Only one stretch of the records below is wanted: the lines from the one holding "2) ballet flat <box>286,163,341,237</box>" through the one holding "15) plant pot <box>262,65,364,146</box>". Return it exactly, both ends included.
[Opening Data to process section]
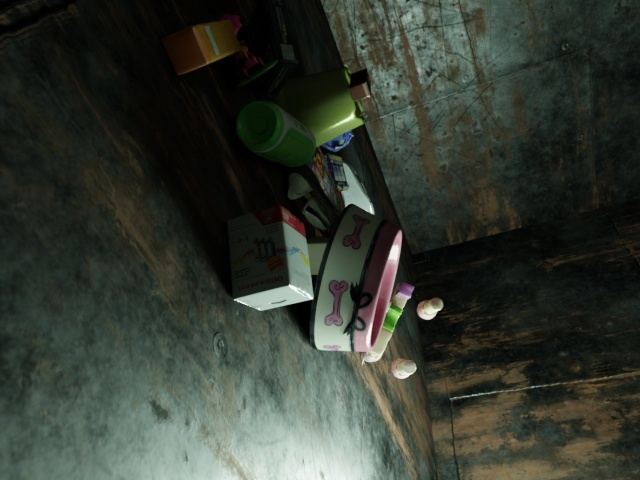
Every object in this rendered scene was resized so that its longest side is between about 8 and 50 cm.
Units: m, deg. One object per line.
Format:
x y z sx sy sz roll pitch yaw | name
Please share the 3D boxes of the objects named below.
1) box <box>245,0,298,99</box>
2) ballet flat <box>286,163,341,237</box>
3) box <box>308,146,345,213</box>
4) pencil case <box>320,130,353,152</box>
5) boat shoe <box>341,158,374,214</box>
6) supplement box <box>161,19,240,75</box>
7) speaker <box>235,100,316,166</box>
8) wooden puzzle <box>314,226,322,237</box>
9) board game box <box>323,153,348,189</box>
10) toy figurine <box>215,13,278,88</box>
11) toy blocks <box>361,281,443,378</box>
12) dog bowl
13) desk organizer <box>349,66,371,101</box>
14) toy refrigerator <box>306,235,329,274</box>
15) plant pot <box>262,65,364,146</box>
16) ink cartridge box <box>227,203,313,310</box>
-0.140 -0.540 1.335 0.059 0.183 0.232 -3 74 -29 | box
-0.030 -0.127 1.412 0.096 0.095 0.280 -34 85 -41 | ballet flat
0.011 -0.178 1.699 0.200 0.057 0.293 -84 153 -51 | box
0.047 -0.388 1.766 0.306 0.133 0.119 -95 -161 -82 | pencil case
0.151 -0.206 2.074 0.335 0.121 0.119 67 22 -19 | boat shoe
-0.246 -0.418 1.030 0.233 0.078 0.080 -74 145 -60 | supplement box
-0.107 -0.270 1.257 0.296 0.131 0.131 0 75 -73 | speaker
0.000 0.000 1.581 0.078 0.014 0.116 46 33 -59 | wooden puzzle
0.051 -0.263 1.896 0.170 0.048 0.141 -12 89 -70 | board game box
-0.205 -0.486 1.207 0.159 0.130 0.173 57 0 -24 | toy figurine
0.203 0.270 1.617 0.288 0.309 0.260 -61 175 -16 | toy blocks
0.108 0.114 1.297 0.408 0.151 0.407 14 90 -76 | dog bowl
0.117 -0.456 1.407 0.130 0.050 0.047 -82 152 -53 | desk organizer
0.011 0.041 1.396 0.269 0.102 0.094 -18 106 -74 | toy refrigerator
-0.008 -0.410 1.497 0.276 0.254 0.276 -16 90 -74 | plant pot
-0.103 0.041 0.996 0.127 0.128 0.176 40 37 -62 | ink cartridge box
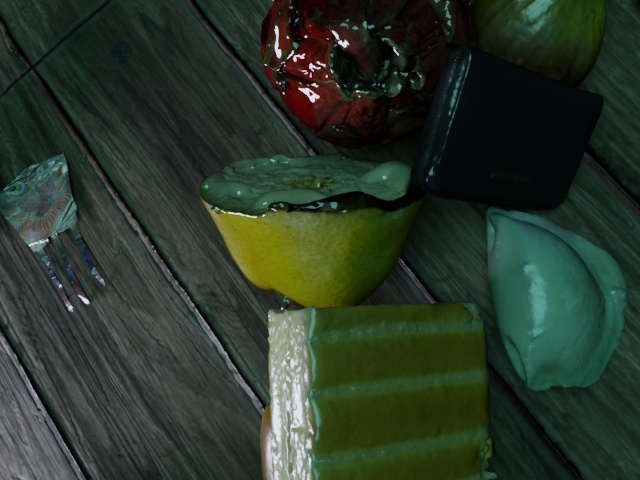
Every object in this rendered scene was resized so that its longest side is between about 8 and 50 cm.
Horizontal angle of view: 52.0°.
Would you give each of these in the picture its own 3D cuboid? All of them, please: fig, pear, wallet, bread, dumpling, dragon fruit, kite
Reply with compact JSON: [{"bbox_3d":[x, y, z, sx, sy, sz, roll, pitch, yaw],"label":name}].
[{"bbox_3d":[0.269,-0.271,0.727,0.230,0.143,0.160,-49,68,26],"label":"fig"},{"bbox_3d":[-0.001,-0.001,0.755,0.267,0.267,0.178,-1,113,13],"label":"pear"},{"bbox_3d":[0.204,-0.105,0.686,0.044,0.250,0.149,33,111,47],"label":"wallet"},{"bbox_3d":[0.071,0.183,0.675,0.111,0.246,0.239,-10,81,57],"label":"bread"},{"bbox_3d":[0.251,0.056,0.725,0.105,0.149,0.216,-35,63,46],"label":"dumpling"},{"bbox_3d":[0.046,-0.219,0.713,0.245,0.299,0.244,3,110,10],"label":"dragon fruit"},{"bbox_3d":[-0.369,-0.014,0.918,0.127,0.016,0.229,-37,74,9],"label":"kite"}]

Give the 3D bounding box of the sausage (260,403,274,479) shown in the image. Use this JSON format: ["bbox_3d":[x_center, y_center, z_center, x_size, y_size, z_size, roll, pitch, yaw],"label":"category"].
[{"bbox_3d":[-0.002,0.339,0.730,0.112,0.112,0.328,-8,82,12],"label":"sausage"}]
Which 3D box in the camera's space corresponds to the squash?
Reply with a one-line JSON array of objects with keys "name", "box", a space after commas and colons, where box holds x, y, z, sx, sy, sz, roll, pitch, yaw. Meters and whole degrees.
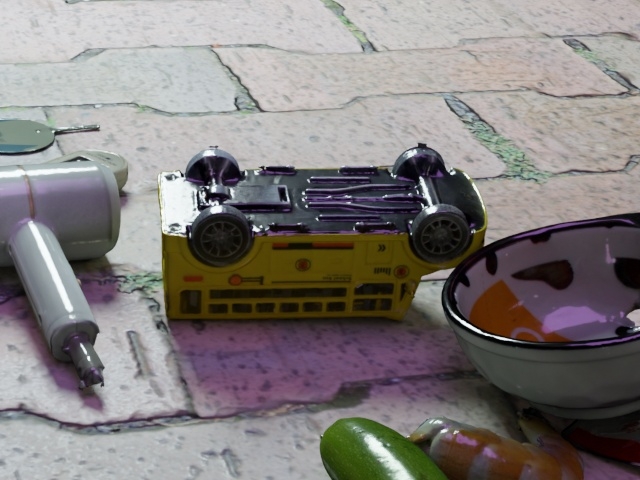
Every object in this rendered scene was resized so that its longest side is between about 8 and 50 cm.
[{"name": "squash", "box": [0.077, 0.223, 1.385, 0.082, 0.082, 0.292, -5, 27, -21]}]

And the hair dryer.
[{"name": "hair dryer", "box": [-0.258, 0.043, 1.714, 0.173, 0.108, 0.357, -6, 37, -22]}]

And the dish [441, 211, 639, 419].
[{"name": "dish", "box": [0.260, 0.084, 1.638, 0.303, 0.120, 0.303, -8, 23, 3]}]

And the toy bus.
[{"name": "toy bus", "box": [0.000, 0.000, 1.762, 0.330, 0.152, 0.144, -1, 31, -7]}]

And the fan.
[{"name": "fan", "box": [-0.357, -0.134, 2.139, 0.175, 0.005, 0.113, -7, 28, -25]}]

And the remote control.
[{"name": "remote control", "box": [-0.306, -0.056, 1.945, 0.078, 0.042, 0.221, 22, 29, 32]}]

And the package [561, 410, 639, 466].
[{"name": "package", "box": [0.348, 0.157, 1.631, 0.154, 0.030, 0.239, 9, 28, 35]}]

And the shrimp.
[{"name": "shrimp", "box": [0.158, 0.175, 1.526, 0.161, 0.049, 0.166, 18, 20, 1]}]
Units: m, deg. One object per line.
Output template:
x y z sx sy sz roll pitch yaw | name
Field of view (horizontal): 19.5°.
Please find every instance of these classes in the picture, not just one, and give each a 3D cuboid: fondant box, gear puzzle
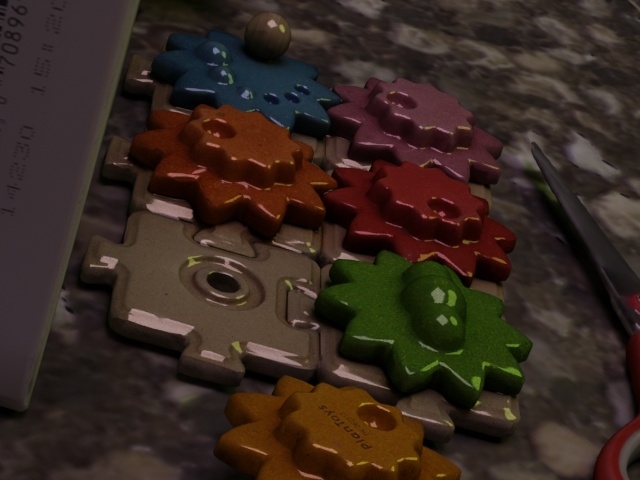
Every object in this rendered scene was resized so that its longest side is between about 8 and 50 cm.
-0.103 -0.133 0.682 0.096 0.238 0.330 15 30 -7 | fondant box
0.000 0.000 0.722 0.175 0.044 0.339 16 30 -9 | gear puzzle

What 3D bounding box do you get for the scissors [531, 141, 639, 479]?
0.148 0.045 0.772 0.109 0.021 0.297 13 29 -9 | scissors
[Closing Data to process section]
* [Task output]:
2) ballet flat <box>286,163,341,237</box>
3) box <box>308,146,345,213</box>
4) pencil case <box>320,130,353,152</box>
5) boat shoe <box>341,158,374,214</box>
6) supplement box <box>161,19,240,75</box>
7) speaker <box>235,100,316,166</box>
8) wooden puzzle <box>314,226,322,237</box>
9) board game box <box>323,153,348,189</box>
10) toy figurine <box>215,13,278,88</box>
11) toy blocks <box>361,281,443,378</box>
12) dog bowl
13) desk organizer <box>349,66,371,101</box>
14) toy refrigerator <box>306,235,329,274</box>
15) plant pot <box>262,65,364,146</box>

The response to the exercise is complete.